*Assignment:* Filter the lines below, keeping each one that holds "cart".
Top of Data provided
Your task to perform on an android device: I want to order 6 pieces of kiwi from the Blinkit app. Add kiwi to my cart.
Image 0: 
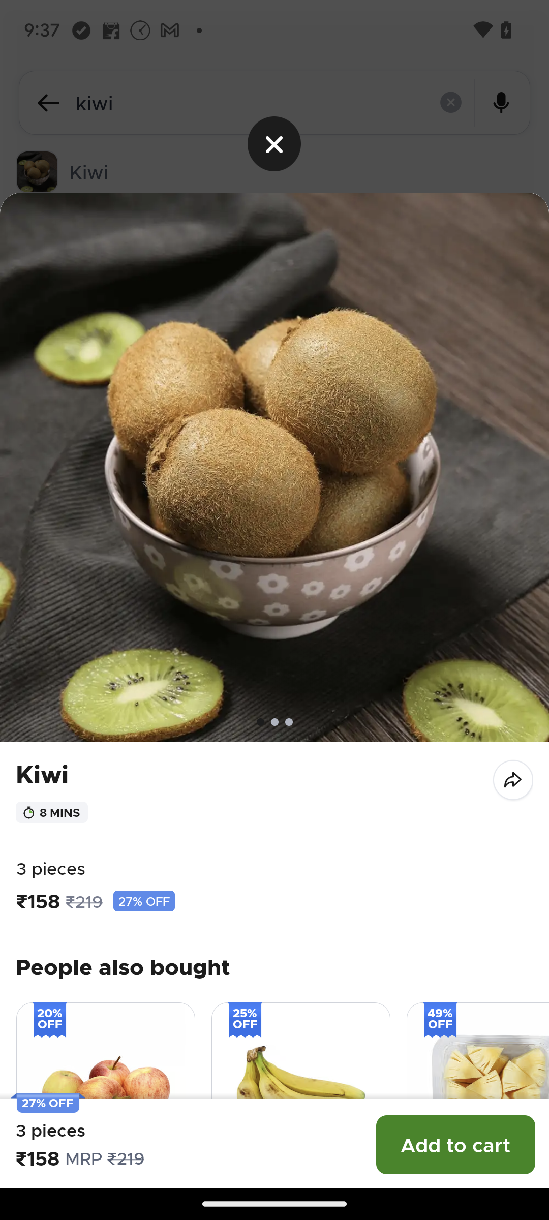
Click on the add to cart button.
Step 0: click (455, 1144)
Image 1: 
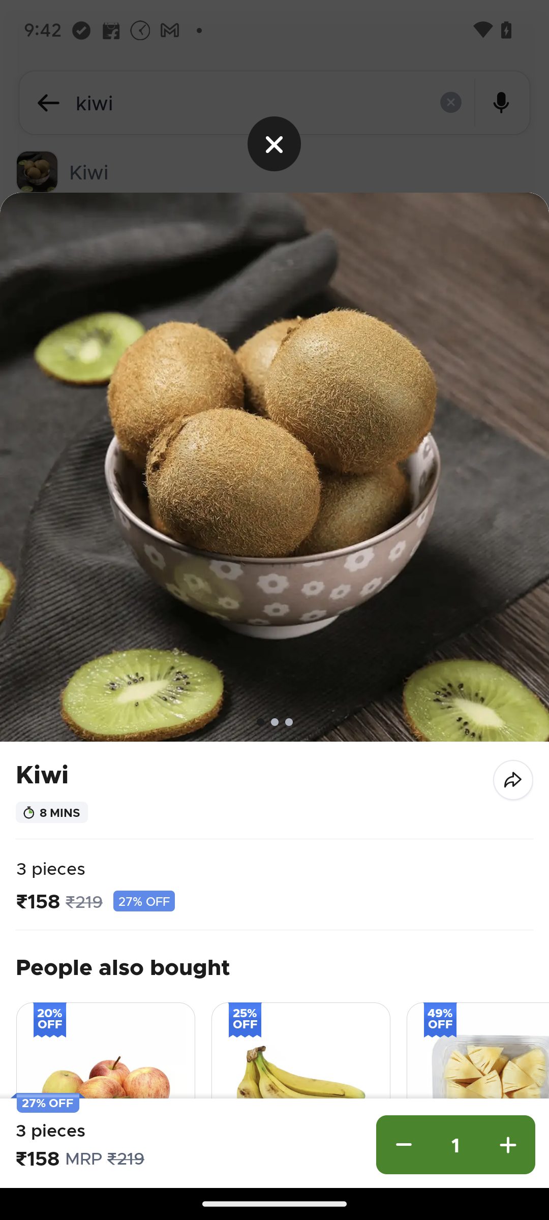
Click on the plus icon to add another 3 pieces of kiwi.
Step 1: click (509, 1144)
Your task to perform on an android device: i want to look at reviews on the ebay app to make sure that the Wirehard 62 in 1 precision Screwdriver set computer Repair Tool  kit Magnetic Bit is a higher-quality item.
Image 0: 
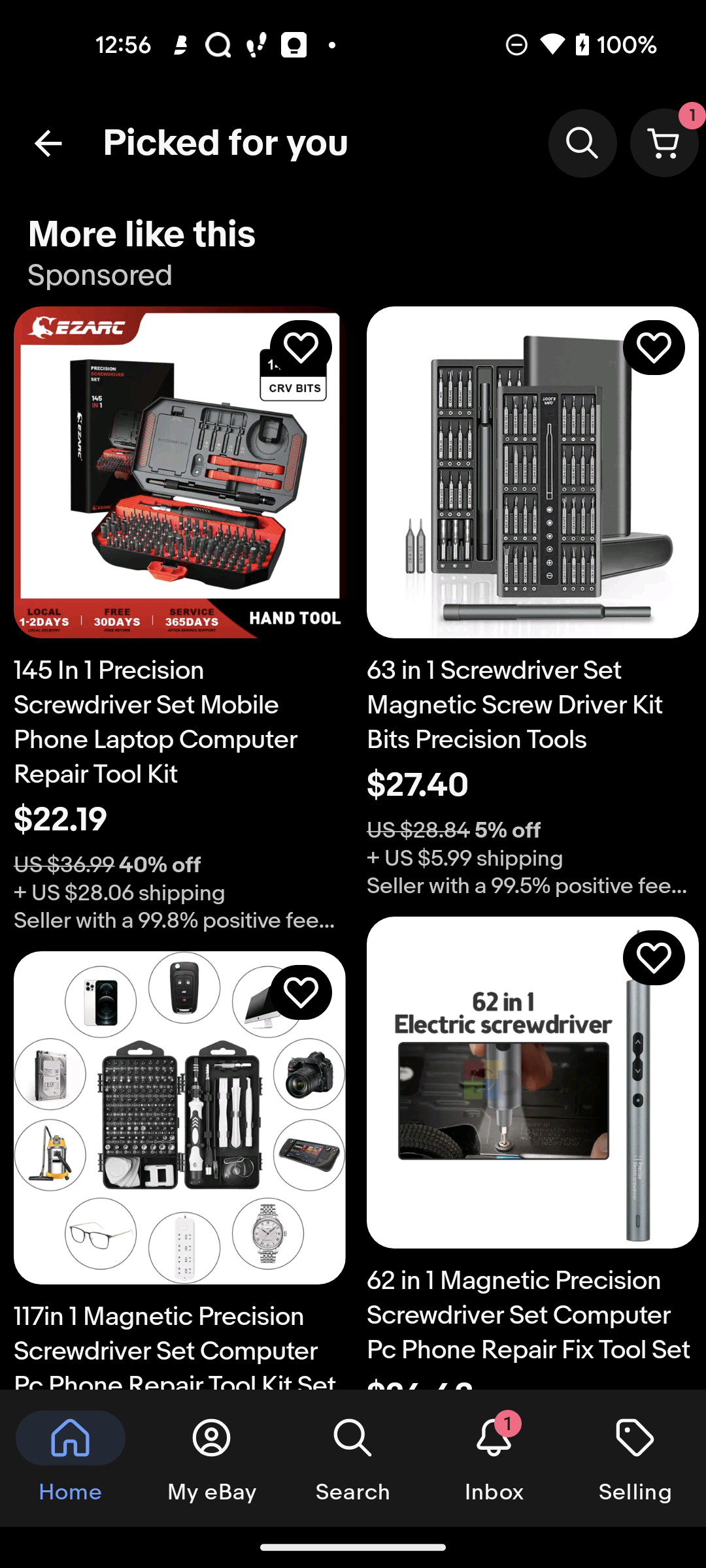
Bottom of Data provided
*Response to this exercise:*
Your task to perform on an android device: I want to order 6 pieces of kiwi from the Blinkit app. Add kiwi to my cart.
Click on the add to cart button.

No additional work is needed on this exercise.